Comment 9 Sihui Liu 2020-07-06 15:58:48 PDT
(In reply to Darin Adler from comment #8)
> (In reply to Sihui Liu from comment #4)
> > In the <pre> case, the line breaks is part of text content, so we want to
> > keep them as special tokens and add them back in manipulated node.
> 
> I guess I’m out of my depth. I don’t understand what this means, but I trust
> it makes sense.
> 
> > I am not sure I understand the first issue. Reading the TextIterator code,
> > it looks like line breaks are emitted either there is line break in text
> > content of node, or the style of node requires to generate line breaks. As
> > long as the text content is not changed, we can expect line breaks of the
> > first type to be generated, right?
> 
> Yes, they simply won’t necessarily be generated as part of a text iterator
> step with a collapsed range.
> 
> > The white spaces we want to filter out are the ones not generated
> > from the text content of the current position node, and those spaces happen
> > to have collapsed range.
> 
> Honestly really confused about this. If text has a newline in it, then space
> has to be generated because the newline is transformed into a space. If text
> has a space in it, then the space is part of the text content. I don’t
> understand how we’d handle these two. But maybe I don’t need to as long as
> we have enough test coverage.

Both cases you mentioned are space generated from text content, so it's Okay to keep them and view them as normal space. 

Here is more background information: 
We use TextIterator to iterate the whole document and extract text from nodes. We  advance by node by concatenating the text of the same node and parse tokens from the concatenated text.

Client can reply with new tokens to replace the old tokens. To do that, we just create some new text node with new tokens and remove the old text node. Before replacement, we iterate the node with TextIterator again to make sure its content is unchanged after extraction. 

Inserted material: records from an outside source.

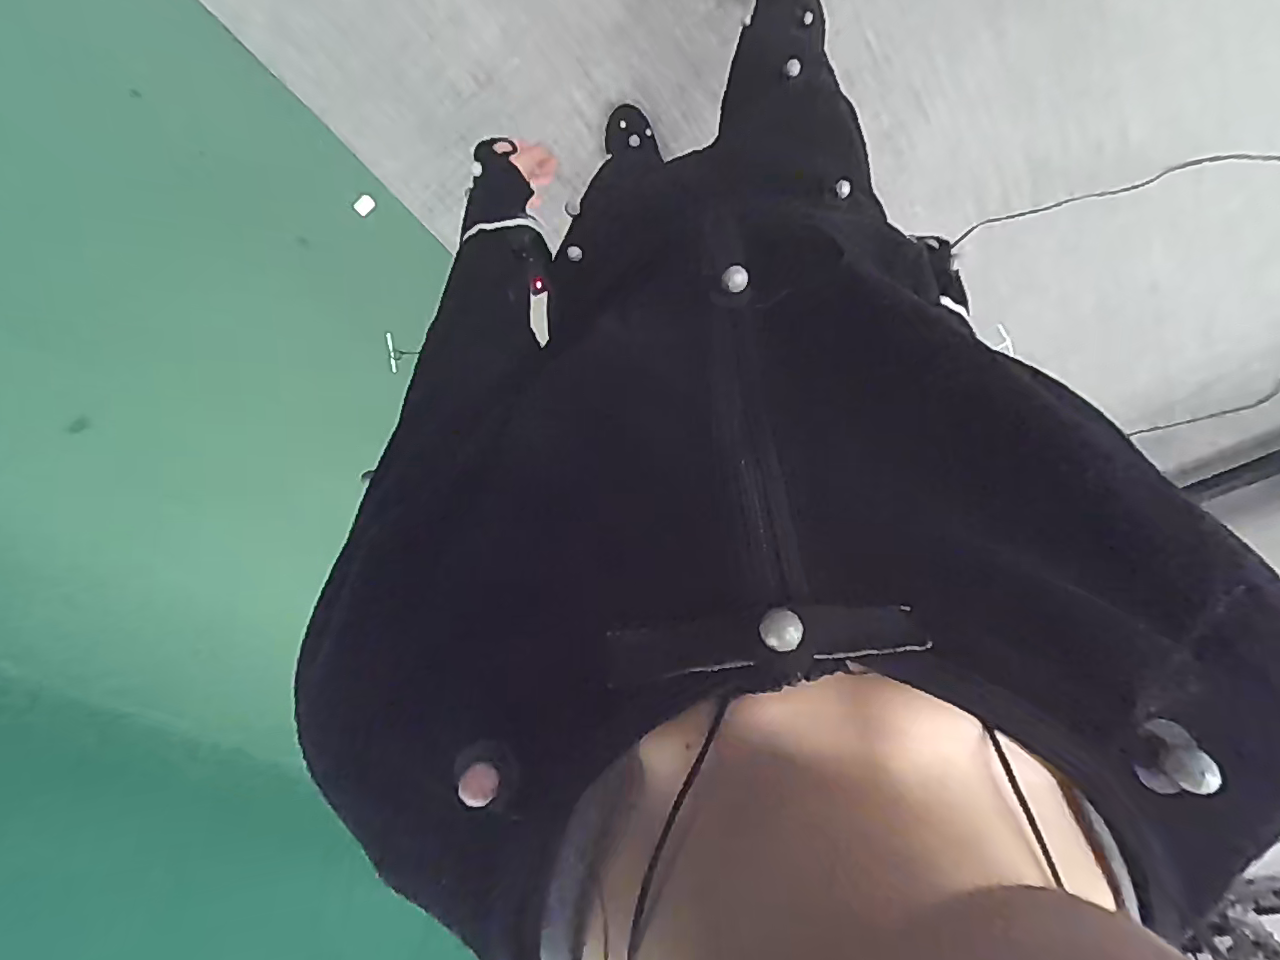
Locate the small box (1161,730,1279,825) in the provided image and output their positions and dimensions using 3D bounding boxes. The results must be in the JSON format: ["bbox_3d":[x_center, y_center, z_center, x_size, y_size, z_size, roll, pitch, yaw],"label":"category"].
[{"bbox_3d":[1.579,0.801,1.462,0.179,0.176,0.168,-34,124,25],"label":"small box"}]
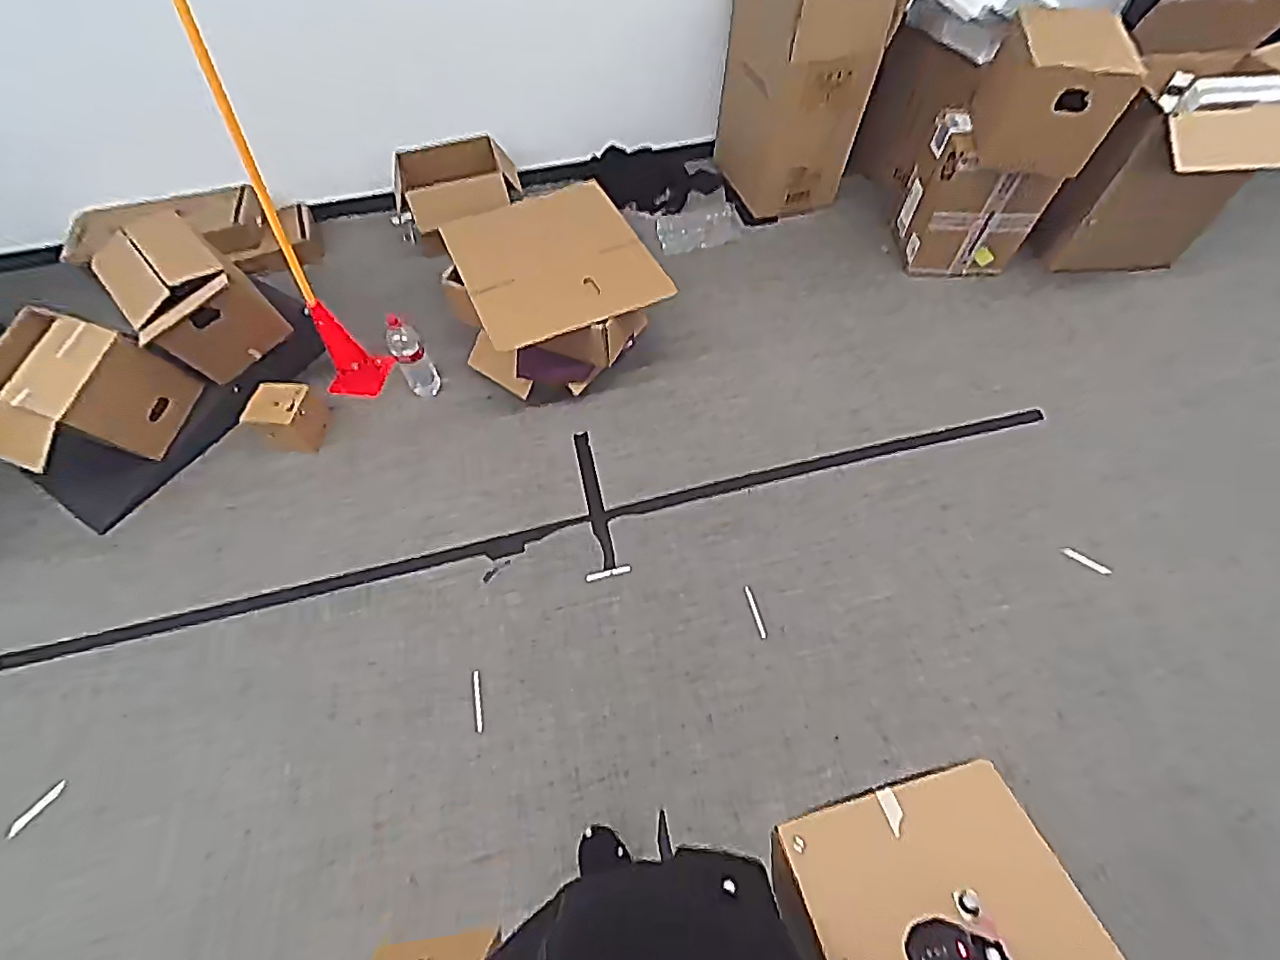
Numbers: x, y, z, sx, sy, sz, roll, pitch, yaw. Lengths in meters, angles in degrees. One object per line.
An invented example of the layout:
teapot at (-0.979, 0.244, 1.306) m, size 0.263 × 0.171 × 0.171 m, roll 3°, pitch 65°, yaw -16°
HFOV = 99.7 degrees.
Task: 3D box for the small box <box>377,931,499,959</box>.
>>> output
small box at (-0.271, 0.713, 0.672) m, size 0.168 × 0.179 × 0.176 m, roll -6°, pitch 71°, yaw -3°
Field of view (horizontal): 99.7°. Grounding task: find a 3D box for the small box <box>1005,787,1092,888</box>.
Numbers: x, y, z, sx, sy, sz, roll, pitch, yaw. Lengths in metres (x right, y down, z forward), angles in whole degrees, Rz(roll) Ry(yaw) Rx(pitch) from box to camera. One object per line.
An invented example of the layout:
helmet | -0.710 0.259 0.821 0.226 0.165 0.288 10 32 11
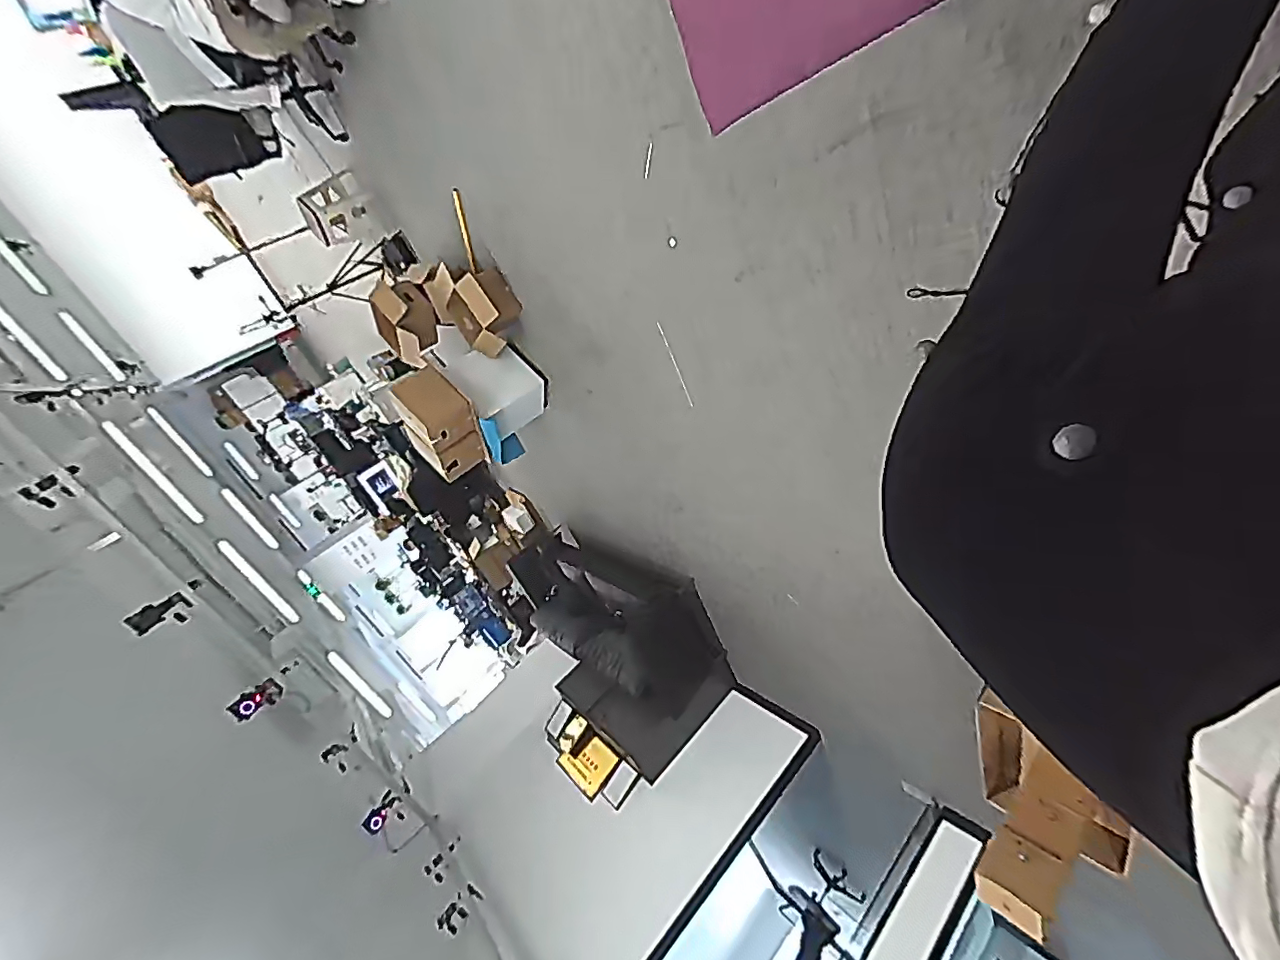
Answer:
small box | 1.230 1.081 1.630 0.168 0.176 0.179 18 137 51

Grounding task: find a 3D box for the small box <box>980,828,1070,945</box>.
small box | 1.106 1.158 1.552 0.168 0.176 0.179 15 135 51
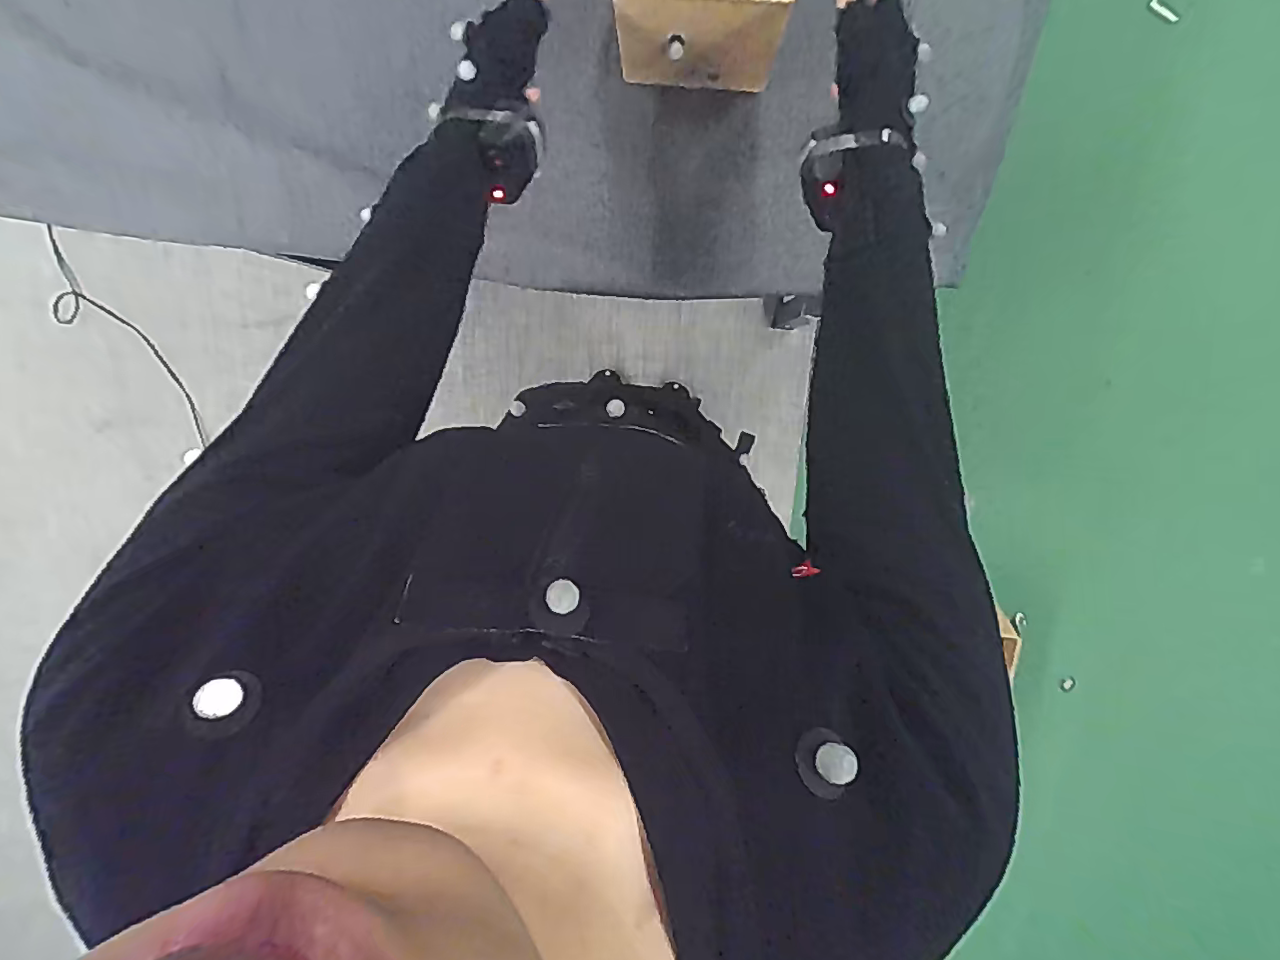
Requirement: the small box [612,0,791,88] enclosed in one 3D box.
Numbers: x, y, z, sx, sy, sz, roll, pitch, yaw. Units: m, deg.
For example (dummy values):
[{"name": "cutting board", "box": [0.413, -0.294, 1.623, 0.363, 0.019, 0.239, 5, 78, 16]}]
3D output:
[{"name": "small box", "box": [0.068, -0.527, 0.538, 0.168, 0.176, 0.179, 6, 102, 2]}]
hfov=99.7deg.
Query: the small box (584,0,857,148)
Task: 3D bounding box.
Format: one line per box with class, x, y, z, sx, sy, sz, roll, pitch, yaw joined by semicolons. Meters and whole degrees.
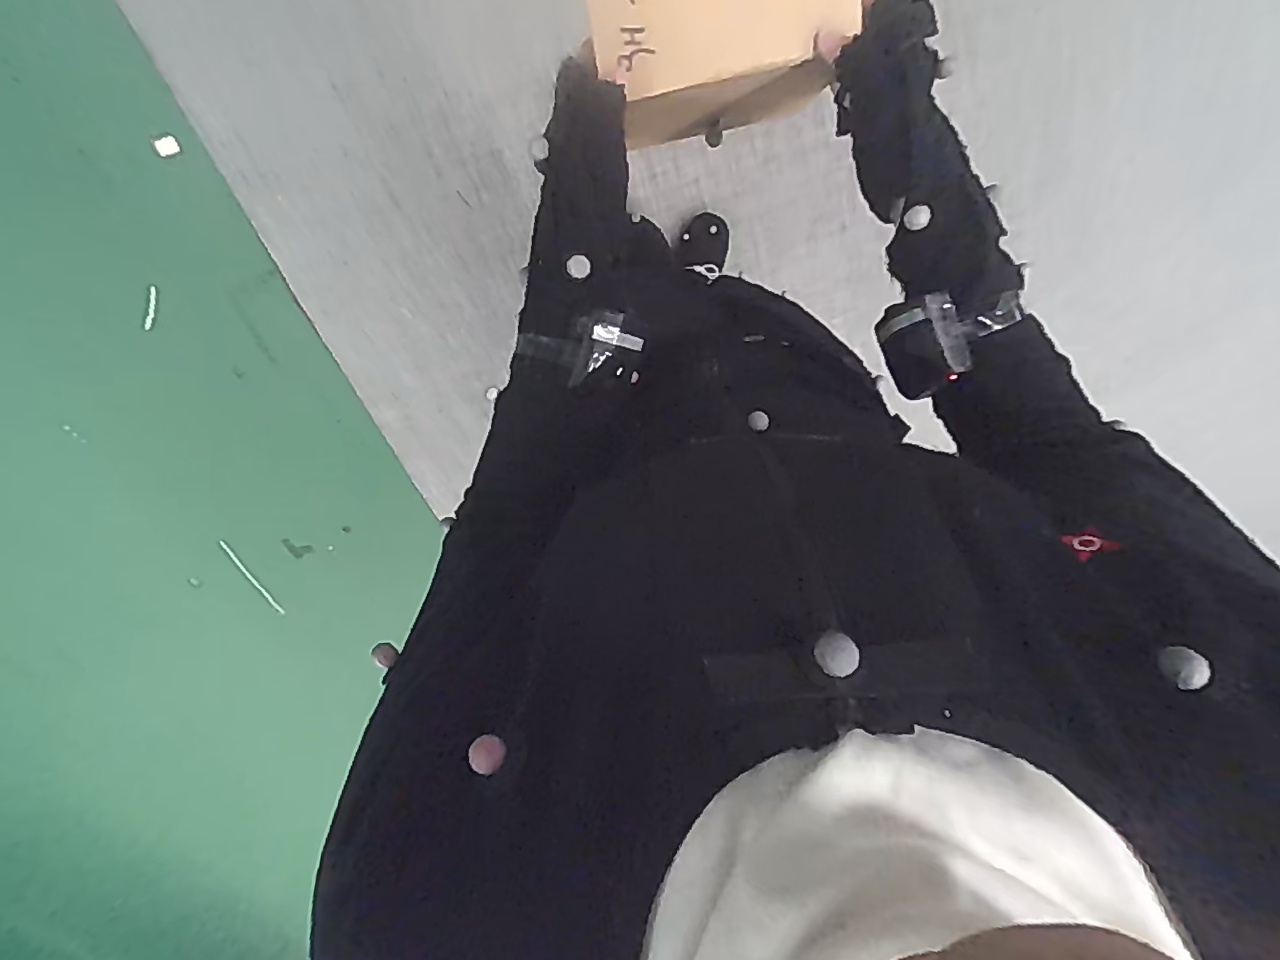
small box;0.045;-0.374;0.409;0.179;0.176;0.168;-9;110;4
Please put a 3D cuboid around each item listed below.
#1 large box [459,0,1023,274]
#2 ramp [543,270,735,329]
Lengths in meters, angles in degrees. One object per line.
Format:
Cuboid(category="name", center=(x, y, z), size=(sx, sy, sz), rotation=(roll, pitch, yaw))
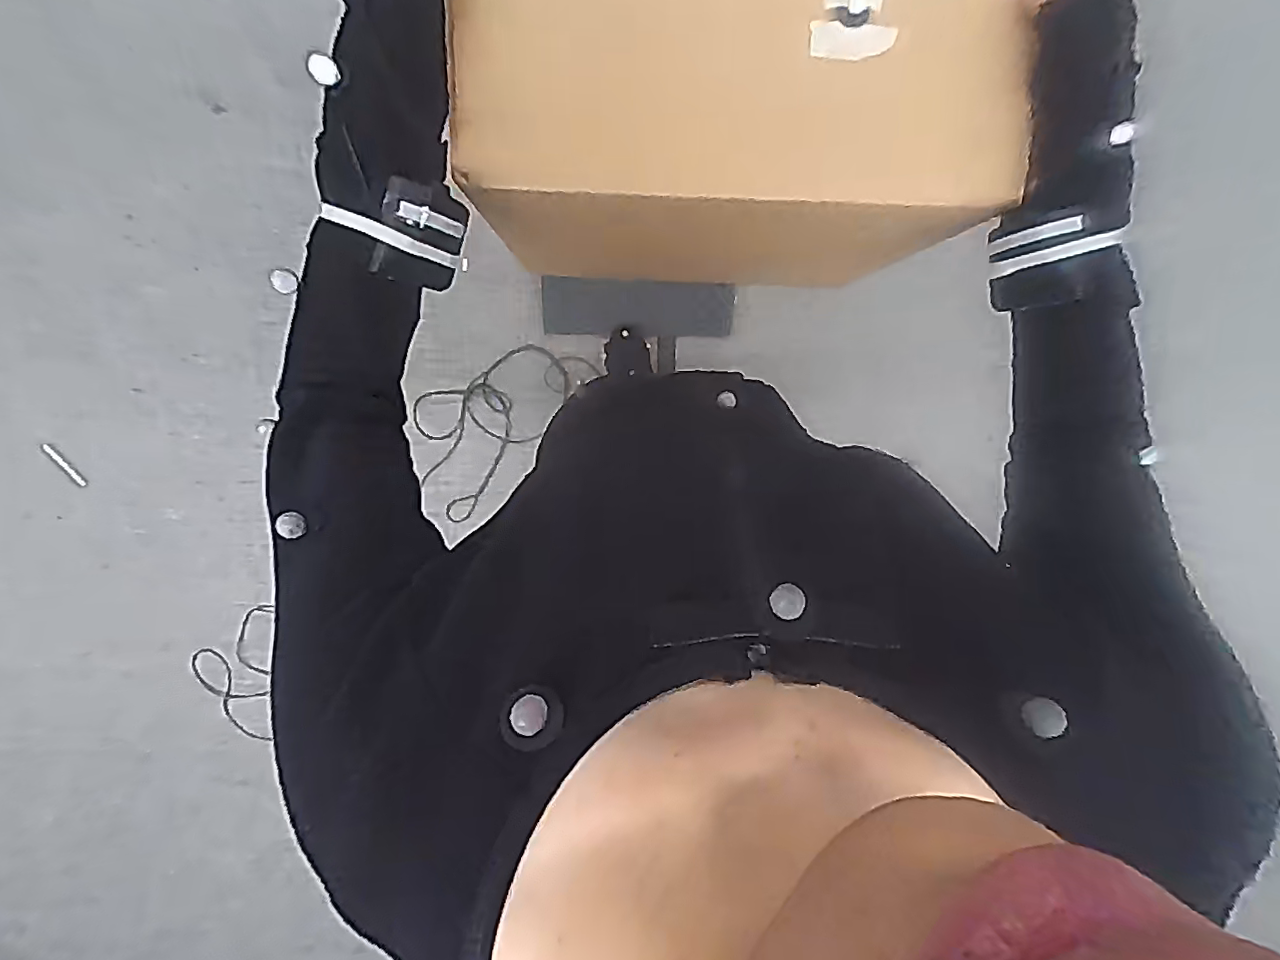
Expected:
Cuboid(category="large box", center=(0.065, -0.391, 0.517), size=(0.408, 0.320, 0.320), rotation=(1, 100, -3))
Cuboid(category="ramp", center=(0.002, -0.868, 1.259), size=(0.509, 0.206, 0.991), rotation=(-2, 99, -2))

The problem is the sequence of text of one node returned by TextIterator is affected by the range of TextIterator and style of node. 
For example, iterating on "<p>hello<p>webkit" returns {"hello", "\n", "webkit"}. TextIterator's node path is {Text "hello", nullptr, Text "webkit"}. In our previous implementation, TextManipulationController would think the "content" of Text "webkit" is "\nwebkit" (with the concatenation). Then the content check would fail because iterating on Text "webkit" only returns "webkit".

In r262778, we tried to solve this by not concatenating text "\n" with node nullptr, and that didn't work for " " or "\t". This patch just makes TextManipulationController to ignore all those characters with collapsed range, meaning they are not part of the content.
Comment 10 EWS 2020-07-08 11:30:49 PDT
Committed r264120: <https://trac.webkit.org/changeset/264120>

All reviewed patches have been landed. Closing bug and clearing flags on attachment 403606 [details].